→ **What to do**
Work out how many lines in the records below include the string "section", and reply with that number alone.

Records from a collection

_ _ _

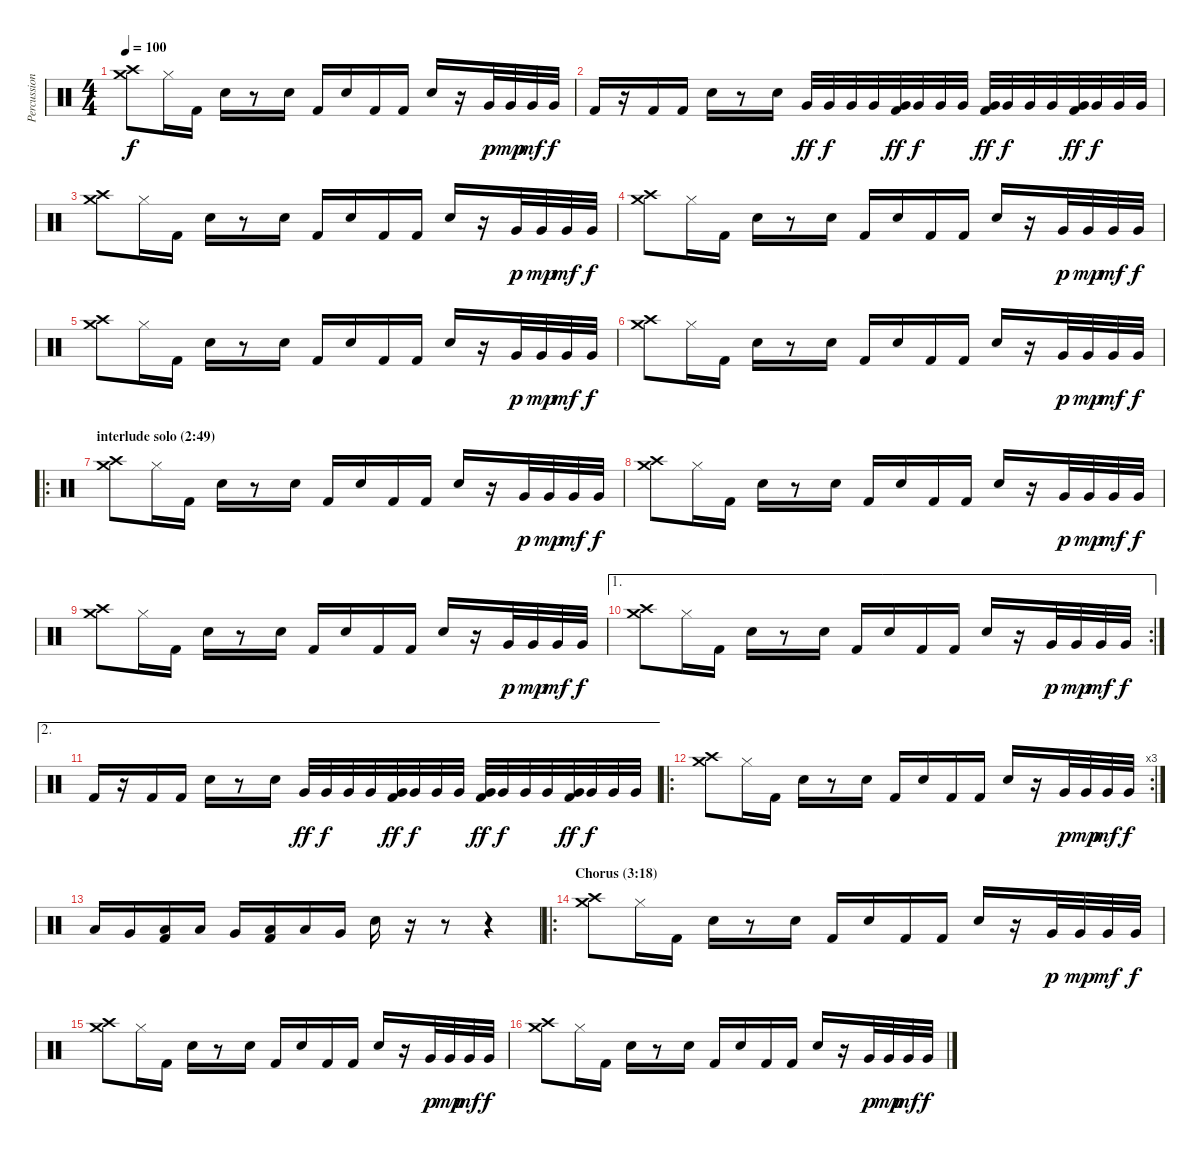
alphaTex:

\track ("Percussion (Matt)" "Percussion") {instrument percussion}
\staff {score}
\articulation defaults
\ts (4 4)
\tempo 100
\clef neutral
\ks c
("Crash high (hit)" "Crash medium (hit)").8{dy f} "Hi-Hat (closed)".16 "Kick (hit) 2".16 "Snare (hit) 2".16 r.8 "Snare (hit) 2".16 "Kick (hit) 2".16 "Snare (hit) 2".16 "Kick (hit) 2".16 "Kick (hit) 2".16 "Snare (hit) 2".16 r.16 "Very Low Tom (hit)".32{dy p} "Very Low Tom (hit)".32{dy mp} "Very Low Tom (hit)".32{dy mf} "Very Low Tom (hit)".32{dy f} |
"Kick (hit) 2".16 r.16 "Kick (hit) 2".16 "Kick (hit) 2".16 "Snare (hit) 2".16 r.8 "Snare (hit) 2".16 "Very Low Tom (hit)".32{dy ff} "Very Low Tom (hit)".32{dy f} "Very Low Tom (hit)".32 "Very Low Tom (hit)".32 ("Very Low Tom (hit)" "Kick (hit) 2").32{dy ff} "Very Low Tom (hit)".32{dy f} "Very Low Tom (hit)".32 "Very Low Tom (hit)".32 ("Very Low Tom (hit)" "Kick (hit) 2").32{dy ff} "Very Low Tom (hit)".32{dy f} "Very Low Tom (hit)".32 "Very Low Tom (hit)".32 ("Very Low Tom (hit)" "Kick (hit) 2").32{dy ff} "Very Low Tom (hit)".32{dy f} "Very Low Tom (hit)".32 "Very Low Tom (hit)".32 |
("Crash high (hit)" "Crash medium (hit)").8 "Hi-Hat (closed)".16 "Kick (hit) 2".16 "Snare (hit) 2".16 r.8 "Snare (hit) 2".16 "Kick (hit) 2".16 "Snare (hit) 2".16 "Kick (hit) 2".16 "Kick (hit) 2".16 "Snare (hit) 2".16 r.16 "Very Low Tom (hit)".32{dy p} "Very Low Tom (hit)".32{dy mp} "Very Low Tom (hit)".32{dy mf} "Very Low Tom (hit)".32{dy f} |
("Crash high (hit)" "Crash medium (hit)").8 "Hi-Hat (closed)".16 "Kick (hit) 2".16 "Snare (hit) 2".16 r.8 "Snare (hit) 2".16 "Kick (hit) 2".16 "Snare (hit) 2".16 "Kick (hit) 2".16 "Kick (hit) 2".16 "Snare (hit) 2".16 r.16 "Very Low Tom (hit)".32{dy p} "Very Low Tom (hit)".32{dy mp} "Very Low Tom (hit)".32{dy mf} "Very Low Tom (hit)".32{dy f} |
("Crash high (hit)" "Crash medium (hit)").8 "Hi-Hat (closed)".16 "Kick (hit) 2".16 "Snare (hit) 2".16 r.8 "Snare (hit) 2".16 "Kick (hit) 2".16 "Snare (hit) 2".16 "Kick (hit) 2".16 "Kick (hit) 2".16 "Snare (hit) 2".16 r.16 "Very Low Tom (hit)".32{dy p} "Very Low Tom (hit)".32{dy mp} "Very Low Tom (hit)".32{dy mf} "Very Low Tom (hit)".32{dy f} |
("Crash high (hit)" "Crash medium (hit)").8 "Hi-Hat (closed)".16 "Kick (hit) 2".16 "Snare (hit) 2".16 r.8 "Snare (hit) 2".16 "Kick (hit) 2".16 "Snare (hit) 2".16 "Kick (hit) 2".16 "Kick (hit) 2".16 "Snare (hit) 2".16 r.16 "Very Low Tom (hit)".32{dy p} "Very Low Tom (hit)".32{dy mp} "Very Low Tom (hit)".32{dy mf} "Very Low Tom (hit)".32{dy f} |
\ro
\section ("" "interlude solo (2:49)")
("Crash high (hit)" "Crash medium (hit)").8 "Hi-Hat (closed)".16 "Kick (hit) 2".16 "Snare (hit) 2".16 r.8 "Snare (hit) 2".16 "Kick (hit) 2".16 "Snare (hit) 2".16 "Kick (hit) 2".16 "Kick (hit) 2".16 "Snare (hit) 2".16 r.16 "Very Low Tom (hit)".32{dy p} "Very Low Tom (hit)".32{dy mp} "Very Low Tom (hit)".32{dy mf} "Very Low Tom (hit)".32{dy f} |
("Crash high (hit)" "Crash medium (hit)").8 "Hi-Hat (closed)".16 "Kick (hit) 2".16 "Snare (hit) 2".16 r.8 "Snare (hit) 2".16 "Kick (hit) 2".16 "Snare (hit) 2".16 "Kick (hit) 2".16 "Kick (hit) 2".16 "Snare (hit) 2".16 r.16 "Very Low Tom (hit)".32{dy p} "Very Low Tom (hit)".32{dy mp} "Very Low Tom (hit)".32{dy mf} "Very Low Tom (hit)".32{dy f} |
("Crash high (hit)" "Crash medium (hit)").8 "Hi-Hat (closed)".16 "Kick (hit) 2".16 "Snare (hit) 2".16 r.8 "Snare (hit) 2".16 "Kick (hit) 2".16 "Snare (hit) 2".16 "Kick (hit) 2".16 "Kick (hit) 2".16 "Snare (hit) 2".16 r.16 "Very Low Tom (hit)".32{dy p} "Very Low Tom (hit)".32{dy mp} "Very Low Tom (hit)".32{dy mf} "Very Low Tom (hit)".32{dy f} |
\ae 1
\rc 2
("Crash high (hit)" "Crash medium (hit)").8 "Hi-Hat (closed)".16 "Kick (hit) 2".16 "Snare (hit) 2".16 r.8 "Snare (hit) 2".16 "Kick (hit) 2".16 "Snare (hit) 2".16 "Kick (hit) 2".16 "Kick (hit) 2".16 "Snare (hit) 2".16 r.16 "Very Low Tom (hit)".32{dy p} "Very Low Tom (hit)".32{dy mp} "Very Low Tom (hit)".32{dy mf} "Very Low Tom (hit)".32{dy f} |
\ae 2 "Kick (hit) 2".16
r.16 "Kick (hit) 2".16 "Kick (hit) 2".16 "Snare (hit) 2".16 r.8 "Snare (hit) 2".16 "Very Low Tom (hit)".32{dy ff} "Very Low Tom (hit)".32{dy f} "Very Low Tom (hit)".32 "Very Low Tom (hit)".32 ("Very Low Tom (hit)" "Kick (hit) 2").32{dy ff} "Very Low Tom (hit)".32{dy f} "Very Low Tom (hit)".32 "Very Low Tom (hit)".32 ("Very Low Tom (hit)" "Kick (hit) 2").32{dy ff} "Very Low Tom (hit)".32{dy f} "Very Low Tom (hit)".32 "Very Low Tom (hit)".32 ("Very Low Tom (hit)" "Kick (hit) 2").32{dy ff} "Very Low Tom (hit)".32{dy f} "Very Low Tom (hit)".32 "Very Low Tom (hit)".32 |
\ro
\rc 3
("Crash high (hit)" "Crash medium (hit)").8 "Hi-Hat (closed)".16 "Kick (hit) 2".16 "Snare (hit) 2".16 r.8 "Snare (hit) 2".16 "Kick (hit) 2".16 "Snare (hit) 2".16 "Kick (hit) 2".16 "Kick (hit) 2".16 "Snare (hit) 2".16 r.16 "Very Low Tom (hit)".32{dy p} "Very Low Tom (hit)".32{dy mp} "Very Low Tom (hit)".32{dy mf} "Very Low Tom (hit)".32{dy f} |
"Low Tom (hit)".16 "Very Low Tom (hit)".16 ("Low Floor Tom (hit)" "Kick (hit) 2").16 "Low Tom (hit)".16 "Very Low Tom (hit)".16 ("Low Floor Tom (hit)" "Kick (hit) 2").16 "Low Tom (hit)".16 "Very Low Tom (hit)".16 "Snare (hit) 2".16 r.16 r.8 r.4 |
\ro
\section ("" "Chorus (3:18)")
("Crash high (hit)" "Crash medium (hit)").8 "Hi-Hat (closed)".16 "Kick (hit) 2".16 "Snare (hit) 2".16 r.8 "Snare (hit) 2".16 "Kick (hit) 2".16 "Snare (hit) 2".16 "Kick (hit) 2".16 "Kick (hit) 2".16 "Snare (hit) 2".16 r.16 "Very Low Tom (hit)".32{dy p} "Very Low Tom (hit)".32{dy mp} "Very Low Tom (hit)".32{dy mf} "Very Low Tom (hit)".32{dy f} |
("Crash high (hit)" "Crash medium (hit)").8 "Hi-Hat (closed)".16 "Kick (hit) 2".16 "Snare (hit) 2".16 r.8 "Snare (hit) 2".16 "Kick (hit) 2".16 "Snare (hit) 2".16 "Kick (hit) 2".16 "Kick (hit) 2".16 "Snare (hit) 2".16 r.16 "Very Low Tom (hit)".32{dy p} "Very Low Tom (hit)".32{dy mp} "Very Low Tom (hit)".32{dy mf} "Very Low Tom (hit)".32{dy f} |
("Crash high (hit)" "Crash medium (hit)").8 "Hi-Hat (closed)".16 "Kick (hit) 2".16 "Snare (hit) 2".16 r.8 "Snare (hit) 2".16 "Kick (hit) 2".16 "Snare (hit) 2".16 "Kick (hit) 2".16 "Kick (hit) 2".16 "Snare (hit) 2".16 r.16 "Very Low Tom (hit)".32{dy p} "Very Low Tom (hit)".32{dy mp} "Very Low Tom (hit)".32{dy mf} "Very Low Tom (hit)".32{dy f}

_ _ _

→ **Exercise output**
2